Selasa, 27 Januari 2026 | 14:36:59 WIB
Bappenas Dorong Integrasi Data SDI untuk Arah Pembangunan Nasional

JAKARTA - Pemanfaatan data kini menjadi tulang punggung arah kebijakan pembangunan di Indonesia. Pemerintah menilai bahwa tanpa fondasi data yang solid, perencanaan pembangunan berisiko tidak tepat sasaran dan sulit dikendalikan. 

Karena itu, Kementerian Perencanaan Pembangunan Nasional/Bappenas menempatkan Satu Data Indonesia (SDI) sebagai kerangka utama agar pembangunan di tingkat pusat hingga daerah berjalan sejalan, terukur, dan berbasis bukti yang dapat dipertanggungjawabkan.

Menteri PPN/Kepala Bappenas Rachmat Pambudy menegaskan bahwa integrasi data bukan lagi sekadar pilihan, melainkan keharusan. Menurutnya, pembangunan nasional di masa depan harus mengandalkan data yang tidak hanya tersedia, tetapi juga terpercaya, presisi, dan saling terhubung dalam satu sistem bersama. Dengan demikian, setiap kebijakan dan program pembangunan memiliki dasar yang jelas dan dapat dipantau dampaknya.

Pembangunan Harus Berbasis Satu Data Indonesia

Rachmat menekankan bahwa pembangunan nasional di pusat dan daerah harus semakin berbasis data yang dikelola dalam satu ekosistem. Menurutnya, nilai strategis data baru benar-benar muncul ketika data disatukan dan diolah secara terintegrasi.

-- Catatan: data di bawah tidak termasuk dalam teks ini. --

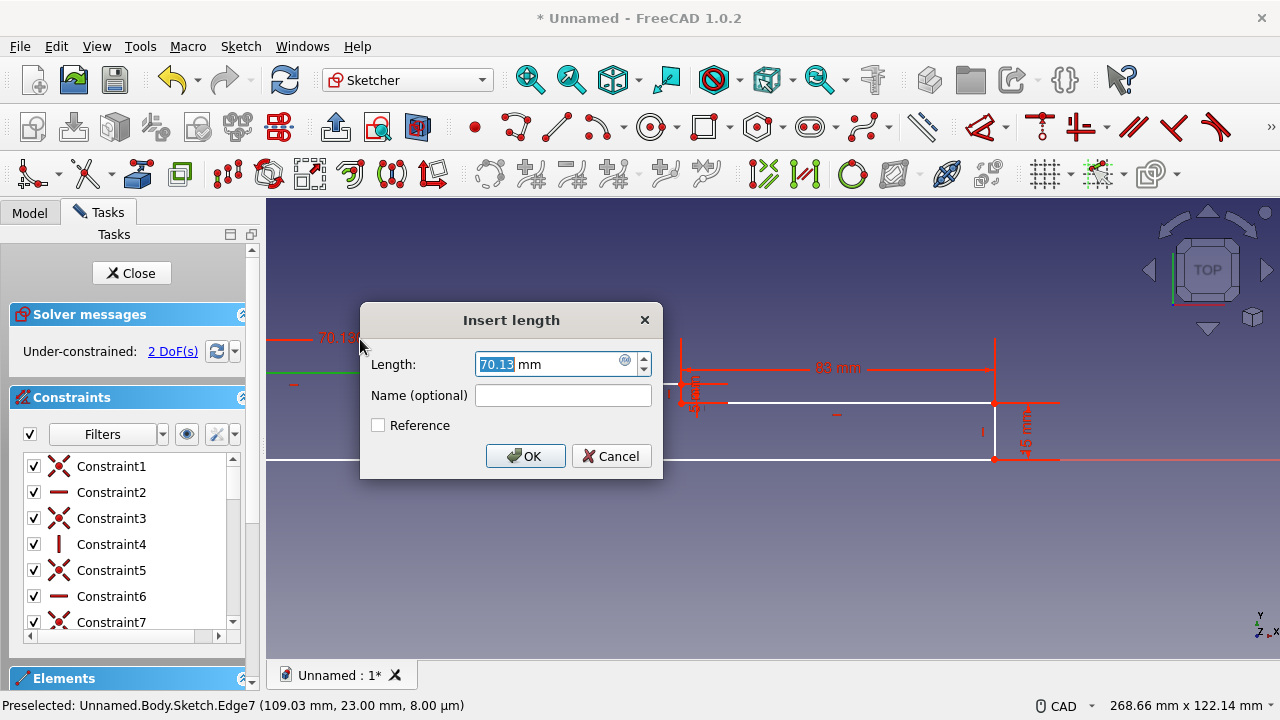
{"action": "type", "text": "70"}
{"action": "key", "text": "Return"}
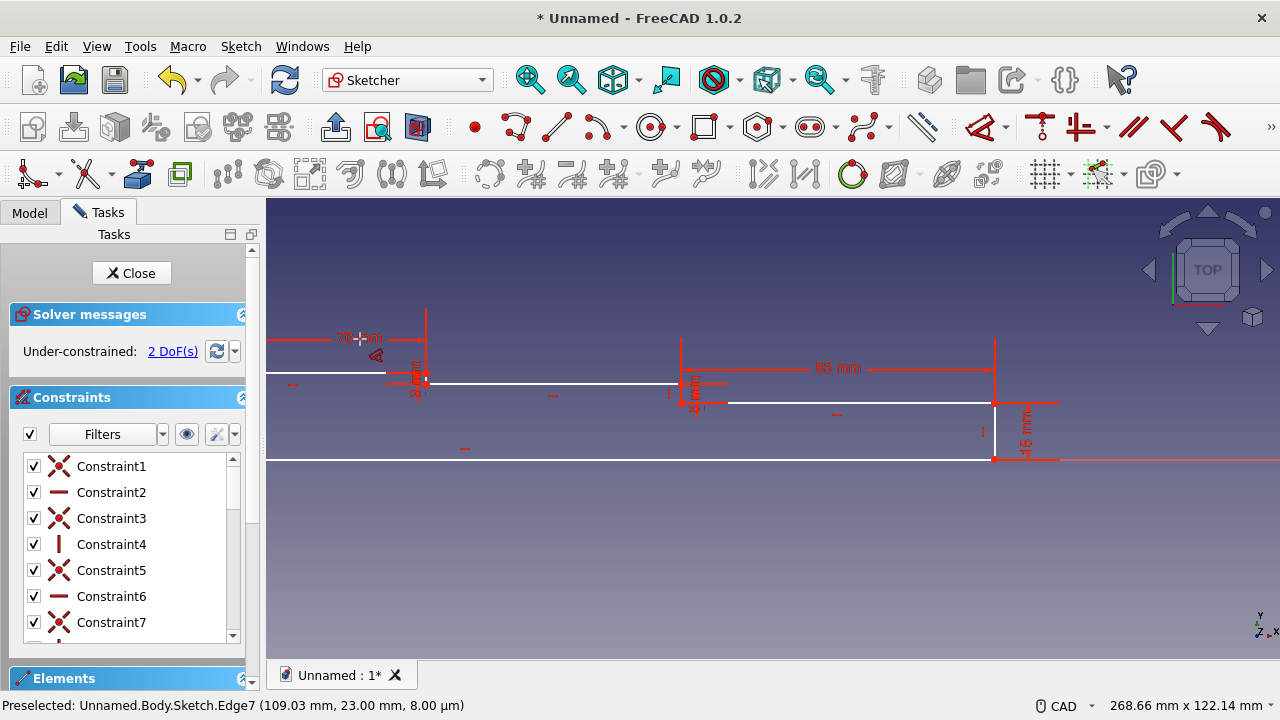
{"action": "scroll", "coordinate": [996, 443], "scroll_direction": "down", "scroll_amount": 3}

“Pembangunan nasional di pusat dan daerah ke depan harus semakin berbasis data yang terpercaya, akurat, presisi, dan terintegrasi dalam Satu Data Indonesia. Ketika data disatukan dan dikelola dalam satu ekosistem bersama, barulah data memiliki nilai strategis yang sesungguhnya untuk mendukung perencanaan, pengendalian, dan pengambilan keputusan pembangunan,” katanya.

Melalui kolaborasi SDI, pemerintah meneguhkan komitmen agar perumusan kebijakan tidak lagi hanya mengandalkan asumsi, tetapi benar-benar bersandar pada informasi yang terukur. Bappenas memandang inisiatif ini sebagai langkah strategis untuk memperkuat tata kelola data pembangunan, sekaligus menjadikannya fondasi utama dalam proses perencanaan nasional maupun daerah.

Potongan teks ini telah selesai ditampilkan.